The third mistake is mis-sizing the gate. Two opposite errors live here. One team wires an irreversible action — a payment, a production deploy — to fire automatically on an automated checker's pass, and discovers the cost of a missed defect the hard way. The opposite team routes every trivial, reversible output through a human, drowns the reviewer in low-stakes approvals, and the human rubber-stamps everything within a week because the volume is untenable. Both errors come from ignoring reversibility as the sizing criterion. The gate should be exactly as heavy as the cost of being wrong, and no heavier.

There is a fourth, quieter failure worth naming: treating the checker's pass as a guarantee rather than a filter. A maker-checker loop dramatically reduces the rate of defects reaching the action; it does not drive that rate to zero. The right mental model is defense in depth — the checker catches most of what the maker gets wrong, the human gate catches most of what the checker misses on irreversible actions, and monitoring catches the rest after the fact. Anyone who tells you a single checker makes an agent "safe" is overselling. It makes the agent safer, which, sized correctly against reversibility, is exactly enough to ship.
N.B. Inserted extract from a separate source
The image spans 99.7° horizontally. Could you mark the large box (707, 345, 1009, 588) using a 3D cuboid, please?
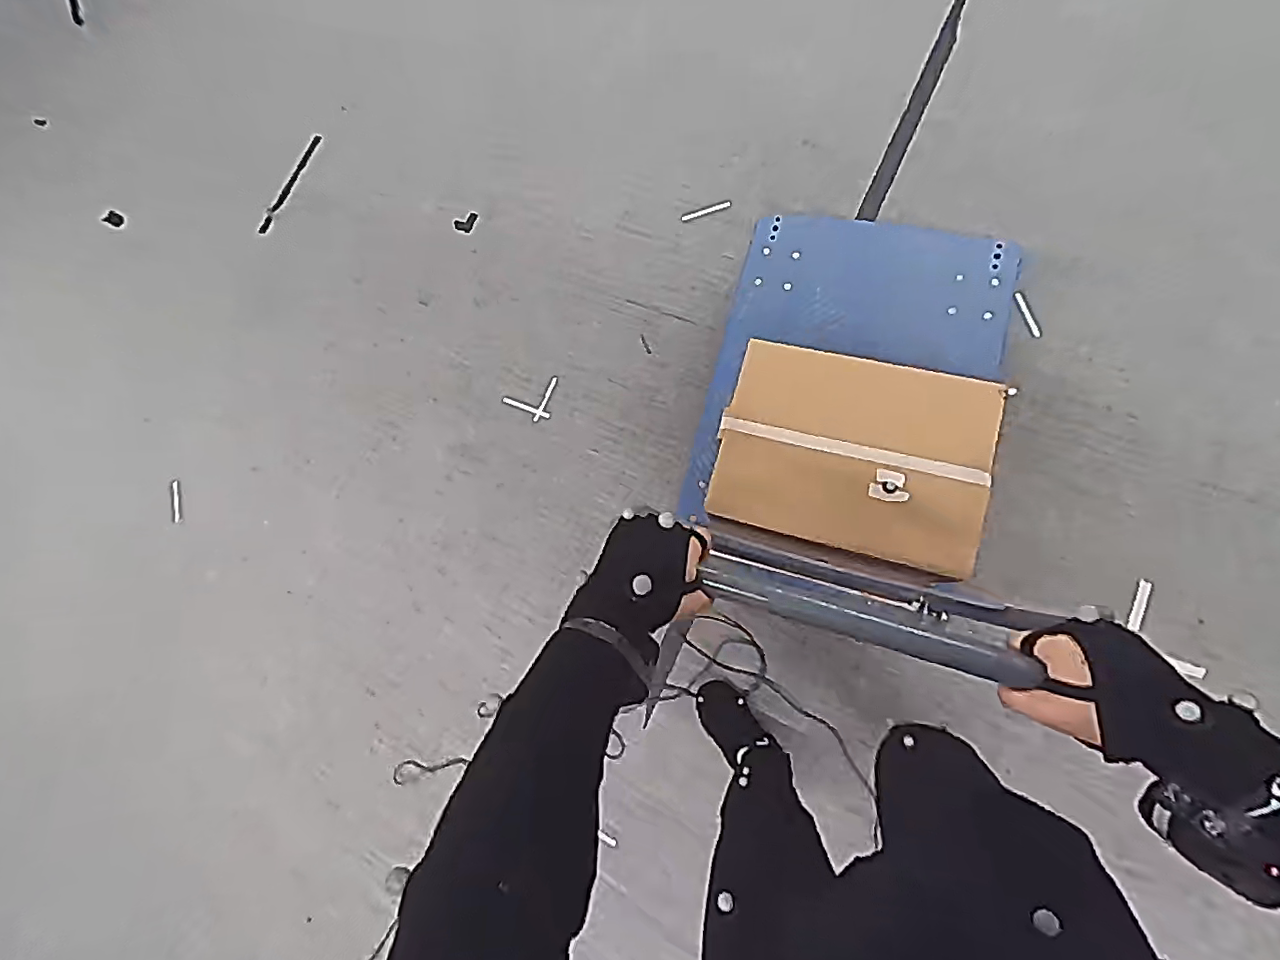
[{"bbox_3d":[0.358,-0.008,0.983,0.408,0.320,0.320,15,82,13],"label":"large box"}]

Conclusion: The Pattern That Earns the Trust

The teams running agents successfully in production are not the ones with the most capable models. They are the ones who refused to let a model grade its own homework. Maker-checker — independent context, adversarial prompting, optional panel vote, and a human gate sized to the irreversibility of the action — is the unglamorous pattern doing the load-bearing work behind every agent deployment that hasn't blown up. It directly answers the "almost right" failure mode by introducing something motivated to find the buried error, and it answers the unguarded-action failure mode by refusing to wire a model straight to a consequence.

The founder who lost three accounts did not lack a good model. He lacked a checker. The fix was never a smarter agent — it was a second, skeptical one, plus a human signature on anything that couldn't be undone. That is the whole pattern, and it is the difference between an agent you can put in production and one that puts you in an incident review.